CRYPTOGRAPHY_BACKEND = default_backend()

def main():
    cert_path = '/var/lib/acme-chief/certs/unified/live/rsa-2048.crt'
    with open(cert_path, 'rb') as pem_file:
        cert = crypto_x509.load_pem_x509_certificate(pem_file.read(), CRYPTOGRAPHY_BACKEND)

    ext = cert.extensions.get_extension_for_class(crypto_x509.extensions.AuthorityInformationAccess)
    for description in ext.value:
        if description.access_method == AuthorityInformationAccessOID.OCSP:
            print(description.access_location.value)

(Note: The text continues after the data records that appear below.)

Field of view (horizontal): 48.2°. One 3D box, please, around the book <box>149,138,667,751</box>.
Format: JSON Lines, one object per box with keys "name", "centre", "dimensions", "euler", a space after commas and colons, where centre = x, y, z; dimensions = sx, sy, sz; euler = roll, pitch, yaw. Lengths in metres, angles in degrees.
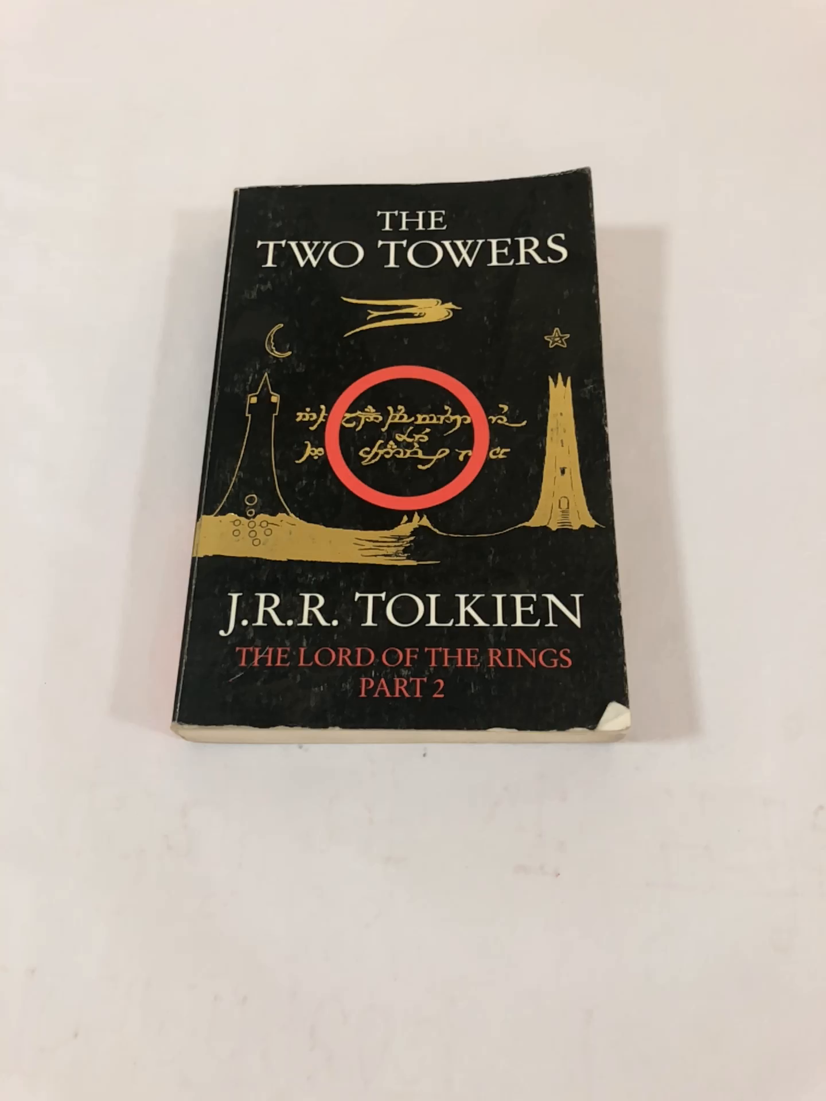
{"name": "book", "centre": [-0.001, -0.042, 0.286], "dimensions": [0.130, 0.030, 0.200], "euler": [0, 66, 0]}
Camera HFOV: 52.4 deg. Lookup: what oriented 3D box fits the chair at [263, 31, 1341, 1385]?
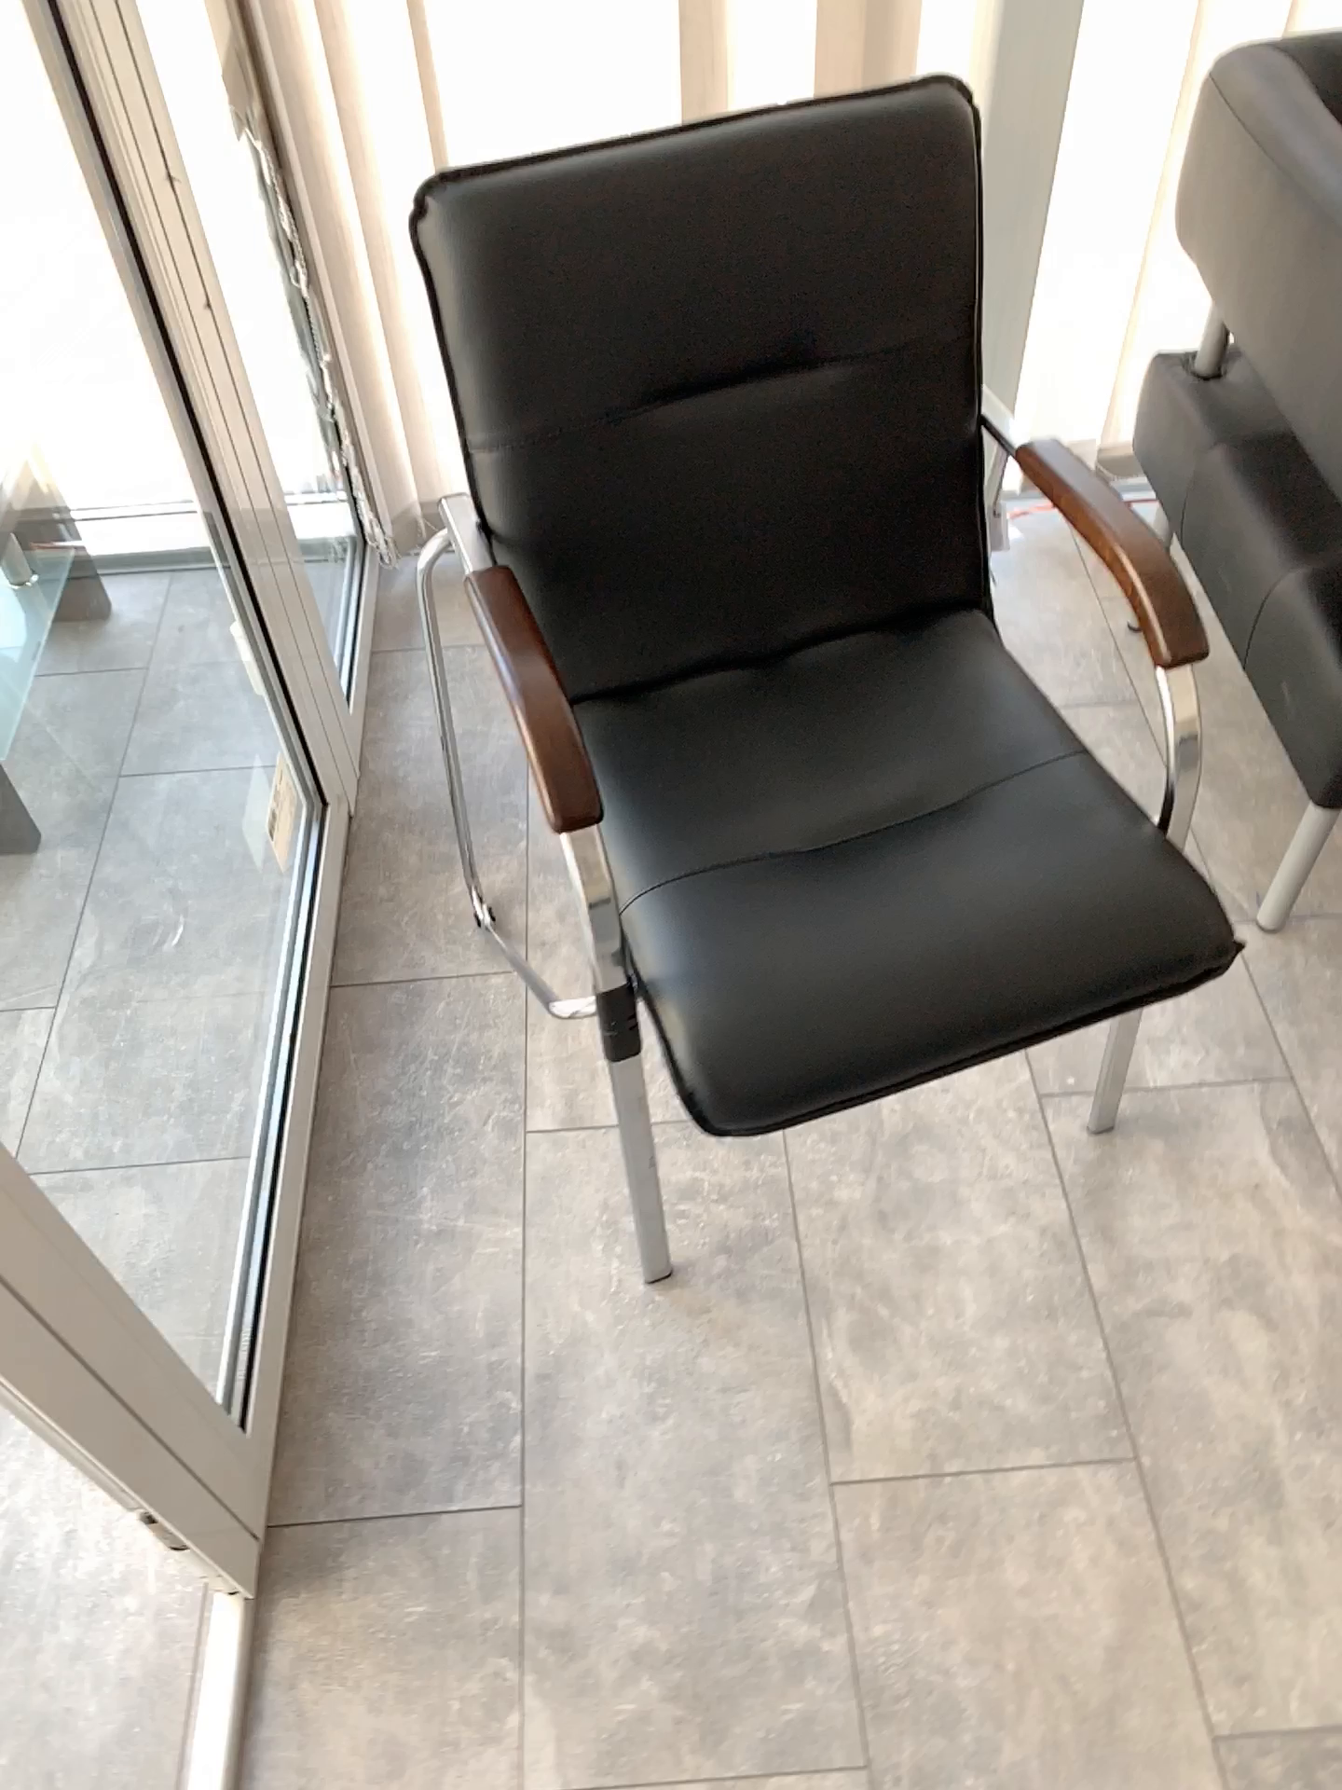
[{"bbox_3d":[0.132,-0.150,1.245,0.680,0.827,0.702,-17,52,-11],"label":"chair"}]
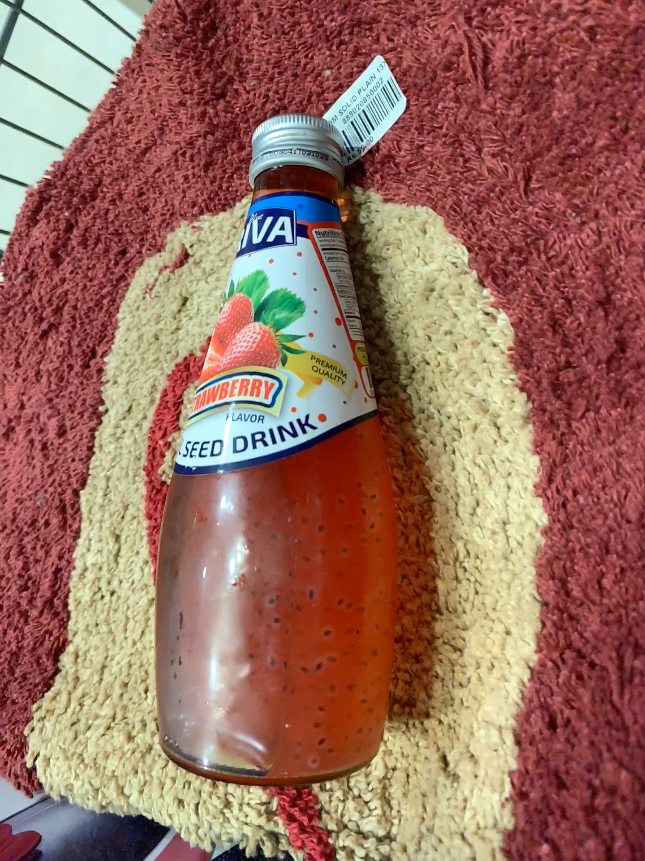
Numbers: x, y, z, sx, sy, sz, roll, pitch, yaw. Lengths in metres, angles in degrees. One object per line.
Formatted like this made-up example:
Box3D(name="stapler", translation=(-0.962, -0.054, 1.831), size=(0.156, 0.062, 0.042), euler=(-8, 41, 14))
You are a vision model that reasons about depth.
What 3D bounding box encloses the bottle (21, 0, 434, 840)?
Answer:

if __name__ == '__main__':
    main()

valgrind reports

==32152== LEAK SUMMARY:
==32152==    definitely lost: 32 bytes in 2 blocks
==32152==    indirectly lost: 119 bytes in 5 blocks

from:

==32152== 151 (32 direct, 119 indirect) bytes in 2 blocks are definitely lost in loss record 24 of 238
==32152==    at 0x483577F: malloc (in /usr/lib/x86_64-linux-gnu/valgrind/vgpreload_memcheck-amd64-linux.so)
==32152==    by 0x5EE2328: CRYPTO_zalloc (mem.c:230)
==32152==    by 0x5E07FF8: asn1_item_embed_new (tasn_new.c:122)
==32152==    by 0x5E05A6A: asn1_item_embed_d2i (tasn_dec.c:306)
==32152==    by 0x5E06172: asn1_template_noexp_d2i (tasn_dec.c:592)
==32152==    by 0x5E06548: asn1_template_ex_d2i (tasn_dec.c:499)
==32152==    by 0x5E0572D: asn1_item_embed_d2i (tasn_dec.c:178)
==32152==    by 0x5E0664C: ASN1_item_ex_d2i (tasn_dec.c:124)
==32152==    by 0x5E066CA: ASN1_item_d2i (tasn_dec.c:114)
==32152==    by 0x5F6F154: X509V3_EXT_d2i (v3_lib.c:142)
==32152==    by 0x68AC69B: ??? (in /usr/lib/python3/dist-packages/cryptography/hazmat/bindings/_openssl.abi3.so)
==32152==    by 0x5D7990: _PyMethodDef_RawFastCallKeywords (in /usr/bin/python3.7)

It looks like it's a well-known issue and it's been fixed by upstream with https://github.com/pyca/cryptography/pull/4889

Mentioned in SAL (#wikimedia-operations) [2019-10-01T08:57:54Z] <vgutierrez> upgrading python3-cryptography to version 2.6.1-3+deb10u1~wmf1 on acmechief-test1001 - T234131

Mentioned in SAL (#wikimedia-operations) [2019-10-01T09:04:39Z] <vgutierrez> upgrading python3-cryptography to version 2.6.1-3+deb10u1~wmf1 on acme-chief hosts - T234131

Mentioned in SAL (#wikimedia-operations) [2019-10-01T09:07:09Z] <vgutierrez> restarting acme-chief on acmechief1001 to catch up with python3-cryptography upgrades - T234131

Vgutierrez closed this task as Resolved.Oct 2 2019, 4:03 AM
Vgutierrez claimed this task.

Reported to debian package maintainer on https://bugs.debian.org/cgi-bin/bugreport.cgi?bug=941413

I got in touch with the Debian maintainer for backporting this to Buster; I've just uploaded an updated package with the patches to Debian unstable. Having a fix in unstable is a pre-condition for fixing it in stable; I'll deal with that next week.

@Vgutierrez I created a 2.6.1-3+deb10u2, it's in my home on acmechief1001. Let's deploy this on acmechief* hosts on Monday before I submit this to the Debian stable release managers.

Mentioned in SAL (#wikimedia-operations) [2019-10-21T06:28:35Z] <vgutierrez> Install python3-cryptography-2.6.1-3+deb10u2 on acme-chief hosts - T234131

@Vgutierrez I created a 2.6.1-3+deb10u2, it's in my home on acmechief1001. Let's deploy this on acmechief* hosts on Monday before I submit this to the Debian stable release managers.

Done, I'll keep an eye on the memory consumption.